薄い水色の空が、丸い三輪君の瞳に反射している。三輪君と過ごす、二度目の秋が巡ってきた。
「いやー、説明会無駄に長かったね。三輪君起きてた?」
「あんなところで寝る方が大変だろ。目をつけられる」
「でも、うちのクラスに寝てる奴いたよ」
「よくやるな」
「ふふ、本当それだよね。ただの馬鹿だよ」
まだ周りは受験モードには入っていないけれど、今日、近所の高校が数校ほど学校に来て、出張説明会が開かれた。二年生は全員強制参加で、狭い武道場の中に全クラスぎゅうぎゅうに詰め込まれて、すごくむさくるしく感じた。
夏休みが明けてから、私は身長がぐんと伸びたので、背の順も随分後ろの方へ出世していた。
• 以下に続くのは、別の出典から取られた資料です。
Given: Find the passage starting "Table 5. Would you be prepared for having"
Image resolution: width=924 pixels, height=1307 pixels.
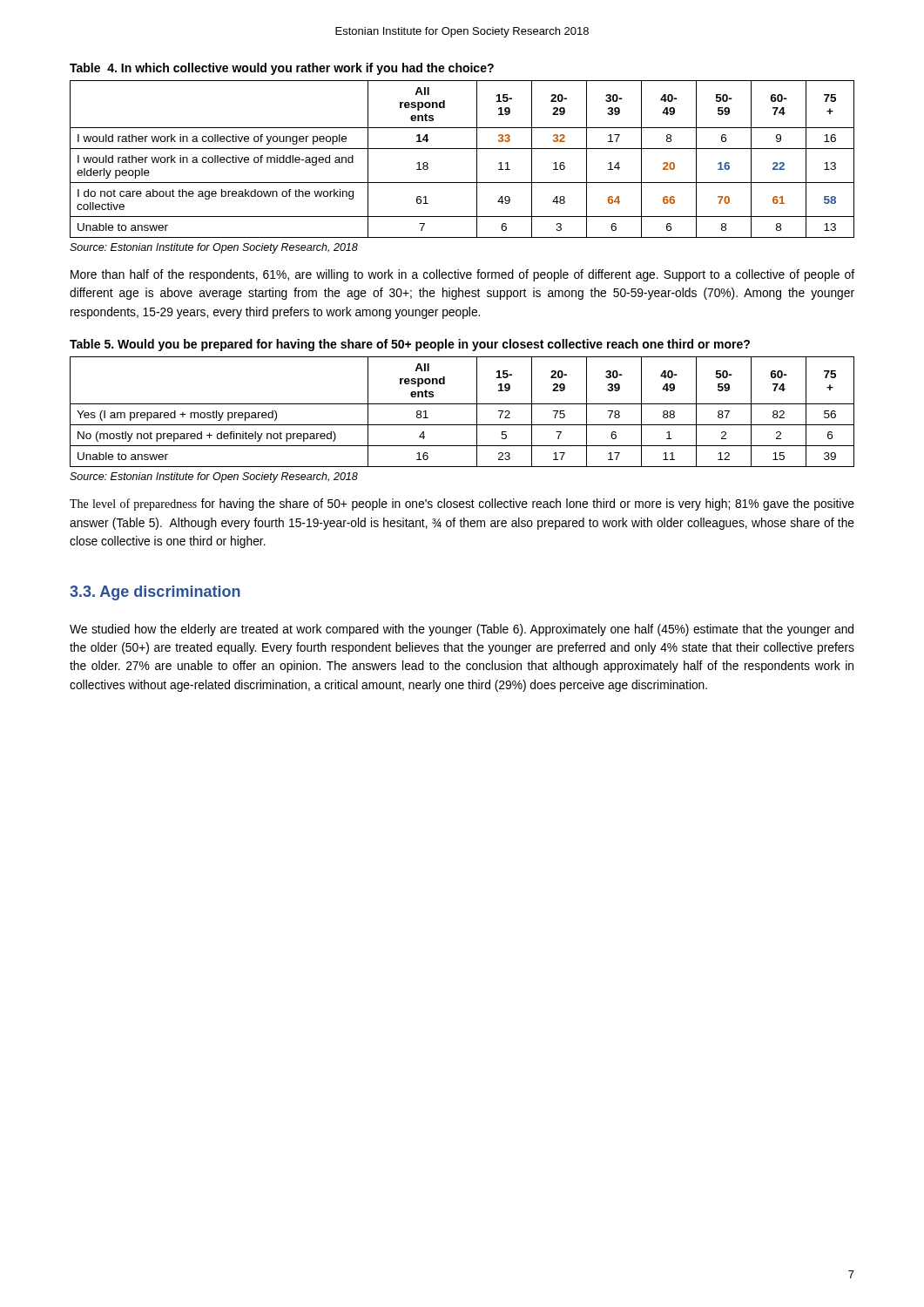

三輪君のクラスは離れているのですぐ隣というわけにはいかないが、後ろから視界へ入れることができるようになり、こっそり盗み見ていた。丸い後頭部の彼は、いつだってしゃんと背筋を張って話を聞いている。長らく見ていなかった彼の体操座り姿が愛おしくて、それが極めて特別なもののように感じた。
将来の夢だとか、進路のことだとか、そういった選択肢を迫られる場面にじわじわと近づいているというのは、こういった説明会も含め、日頃の学校生活の中でもひしひしと感じていた。進学するのはいいんだけど、そのためにいろいろな手順を踏まなければならないことを億劫に感じてしまう。自分が受ける高校を決めて、願書を出して、テストを受けて……なんて、これからやらなければならないことを考えるだけで気が遠くなってしまいそうだ。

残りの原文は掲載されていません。